* **EXERCISE INSTRUCTIONS**:
Give back the full listing as written. No pictures go with it.

* **RECORDS FOR THIS EXERCISE**:
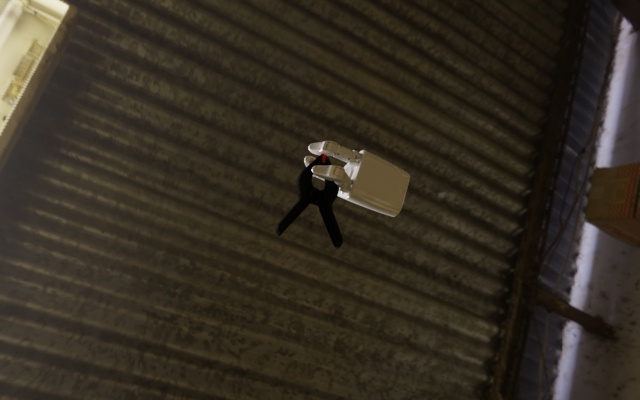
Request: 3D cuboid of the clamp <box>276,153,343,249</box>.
[{"bbox_3d":[0.000,0.003,0.858,0.120,0.171,0.039,23,-17,-15],"label":"clamp"}]
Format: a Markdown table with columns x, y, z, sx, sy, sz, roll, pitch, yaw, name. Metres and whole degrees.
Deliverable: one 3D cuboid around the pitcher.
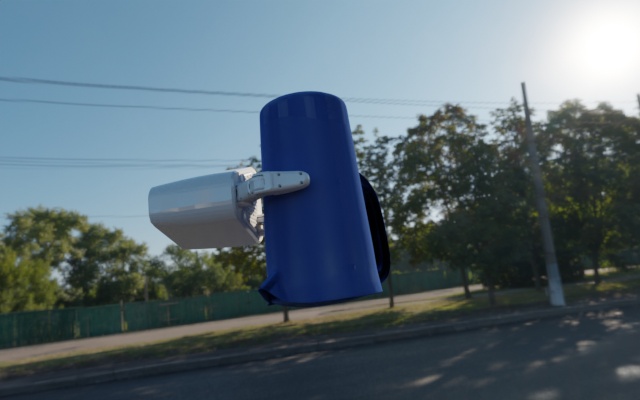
| x | y | z | sx | sy | sz | roll | pitch | yaw | name |
| --- | --- | --- | --- | --- | --- | --- | --- | --- | --- |
| 0.000 | 0.002 | 0.574 | 0.145 | 0.242 | 0.149 | -8 | -10 | 9 | pitcher |
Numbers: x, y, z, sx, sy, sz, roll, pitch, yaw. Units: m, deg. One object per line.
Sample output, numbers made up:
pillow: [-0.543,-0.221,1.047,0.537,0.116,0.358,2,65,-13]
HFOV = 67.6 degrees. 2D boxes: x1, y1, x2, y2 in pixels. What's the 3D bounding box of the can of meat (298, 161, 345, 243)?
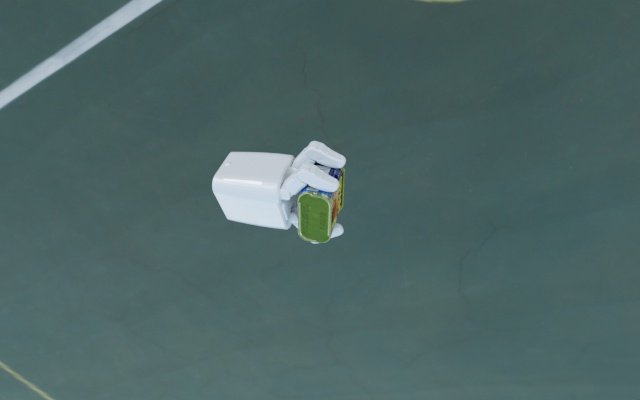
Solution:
can of meat: [0.000,0.003,0.730,0.057,0.102,0.084,9,41,10]
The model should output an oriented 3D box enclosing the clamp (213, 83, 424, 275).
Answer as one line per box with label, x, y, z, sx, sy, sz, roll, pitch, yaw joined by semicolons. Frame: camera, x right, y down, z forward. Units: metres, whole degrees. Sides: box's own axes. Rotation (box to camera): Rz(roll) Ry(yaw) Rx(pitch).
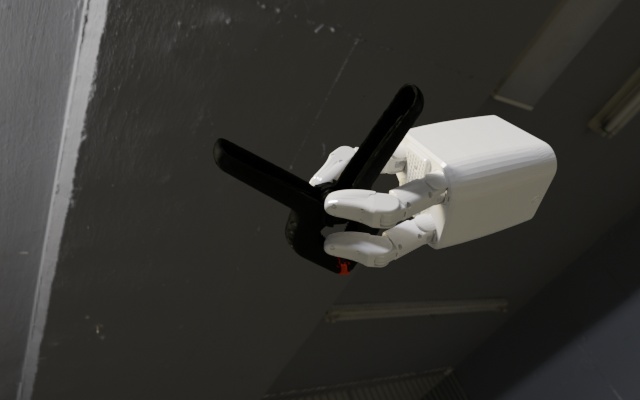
clamp;0.000;0.001;0.422;0.164;0.036;0.210;-12;-41;-11
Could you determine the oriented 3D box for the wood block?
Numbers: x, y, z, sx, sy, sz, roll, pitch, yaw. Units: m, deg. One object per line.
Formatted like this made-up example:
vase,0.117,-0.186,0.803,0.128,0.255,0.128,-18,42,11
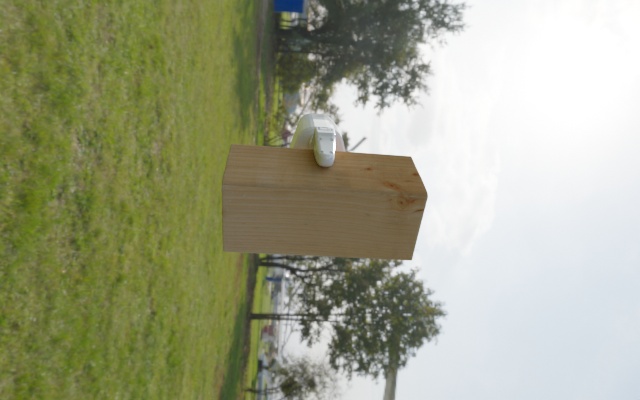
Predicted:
wood block,0.000,0.001,0.529,0.206,0.091,0.090,3,33,-5
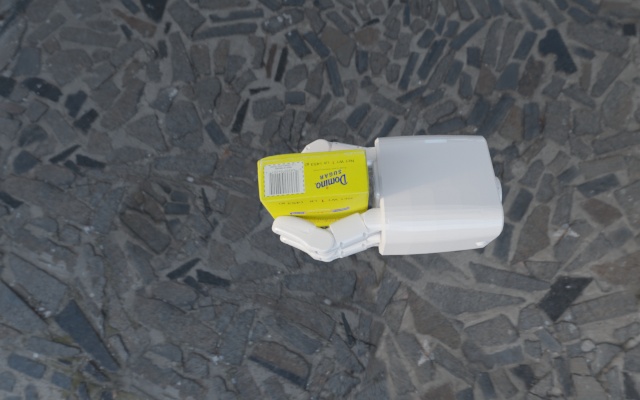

* **SOLUTION**:
Request: 3D cuboid of the clamp <box>276,153,343,249</box>.
[{"bbox_3d":[0.000,0.003,0.858,0.120,0.171,0.039,23,-17,-15],"label":"clamp"}]
Format: a Markdown table with columns x, y, z, sx, sy, sz, roll, pitch, yaw, name. Metres and whole degrees.
Deliverable: one 3D cuboid around the pitcher.
| x | y | z | sx | sy | sz | roll | pitch | yaw | name |
| --- | --- | --- | --- | --- | --- | --- | --- | --- | --- |
| 0.000 | 0.002 | 0.574 | 0.145 | 0.242 | 0.149 | -8 | -10 | 9 | pitcher |
Numbers: x, y, z, sx, sy, sz, roll, pitch, yaw. Units: m, deg. One object per line.
Sample output, numbers made up:
pillow: [-0.543,-0.221,1.047,0.537,0.116,0.358,2,65,-13]
HFOV = 67.6 degrees. 2D boxes: x1, y1, x2, y2 in pixels. What's the 3D bounding box of the can of meat (298, 161, 345, 243)?
Solution:
can of meat: [0.000,0.003,0.730,0.057,0.102,0.084,9,41,10]
The model should output an oriented 3D box enclosing the clamp (213, 83, 424, 275).
Answer as one line per box with label, x, y, z, sx, sy, sz, roll, pitch, yaw joined by semicolons. Frame: camera, x right, y down, z forward. Units: metres, whole degrees. Sides: box's own axes. Rotation (box to camera): Rz(roll) Ry(yaw) Rx(pitch).
clamp;0.000;0.001;0.422;0.164;0.036;0.210;-12;-41;-11
Could you determine the oriented 3D box for the wood block?
Numbers: x, y, z, sx, sy, sz, roll, pitch, yaw. Units: m, deg. One object per line.
Formatted like this made-up example:
vase,0.117,-0.186,0.803,0.128,0.255,0.128,-18,42,11
Predicted:
wood block,0.000,0.001,0.529,0.206,0.091,0.090,3,33,-5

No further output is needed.